If you use the Splitter, understand that the RSync Storage will never remove any files from path. For example, say your backup usually results in 2 chunk files being stored: my_backup.tar-aa and my_backup.tar-ab. Then one day, it results in 3 chunks for some reason - an additional my_backup.tar-ac file. You discover a ton of files you meant to delete the next day, and your backup returns to it’s normal 2 chunks. That 3rd my_backup.tar-ac file will remain until you delete it.

Also, changes that alter one file would cause the resulting changes to all subsequent files to be transmitted, as unchanged data is shifted to/from these files.

Cycling

The RSync Storage option does not support cycling, so you cannot specify server.keep = num_of_backups here. With this storage, only one copy of your backup archive will exist on the remote, which rsync updates with the changes it detects.

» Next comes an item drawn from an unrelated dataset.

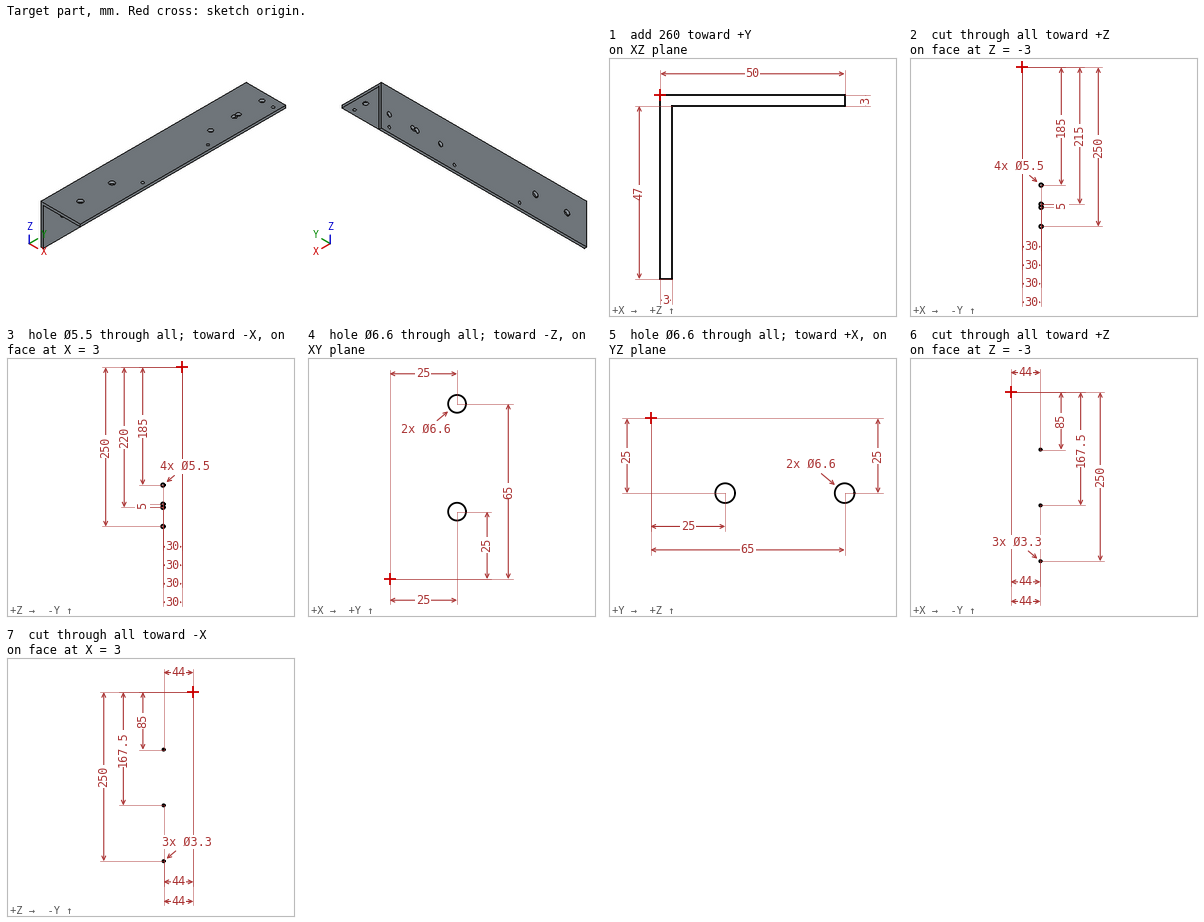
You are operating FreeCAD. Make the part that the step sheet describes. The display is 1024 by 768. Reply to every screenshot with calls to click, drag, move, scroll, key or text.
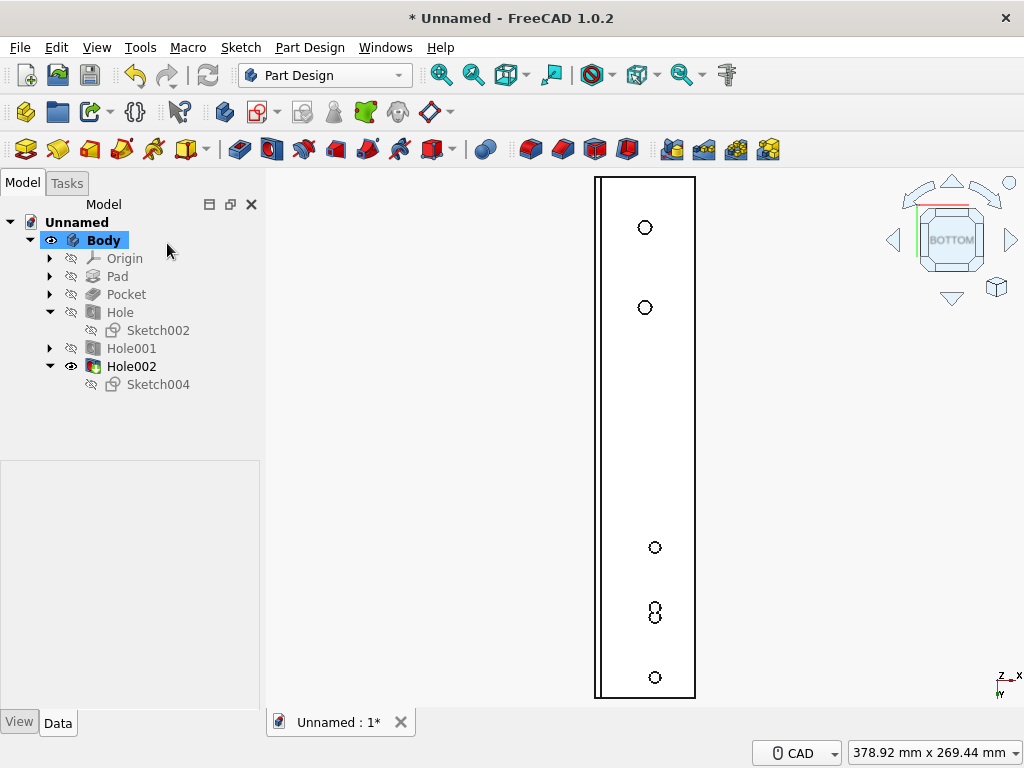
click(648, 437)

If you’re looking for a way to keep rotated backups, you can simply change the path each time the backup runs.

For example, to keep:

Create the following backup model:

Model.new(:my_backup, 'My Backup') do
  # Archives, Databases...

  # Make sure you compress your Archives and Databases
  # using an rsync-friendly algorithm  
  compress_with Gzip do |gzip|
    gzip.rsyncable = true
  end

  store_with RSync do |storage|
    time = Time.now
    if time.hour == 0   # first hour of the day
      if time.day == 1  # first day of the month
        # store a monthly
        path = time.strftime '%B'             # January, February, etc...
      elsif time.sunday?
        # store a weekly
        path = "Weekly_#{ time.day / 7 + 1 }" # Weekly_1 thru Weekly_5
      else
        # store a daily
        path = time.strftime '%A'             # Monday thru Saturday
      end
    else
      # store an hourly
      path = "Hourly_#{ time.hour % 4 + 1 }"  # Hourly_1 thru Hourly_4
    end
    storage.path = "~/backups/#{ path }"
  end
end

Then simply setup cron to run the job every hour.
Note that this will require space for 27 full backups.
You could use a different storage.host for the monthly, weekly, etc…
Remember that for :ssh_daemon and :rsync_daemon modes, each of these paths must already exist.

Or of course, think of your own use cases (and let me know if you figure out any good ones!).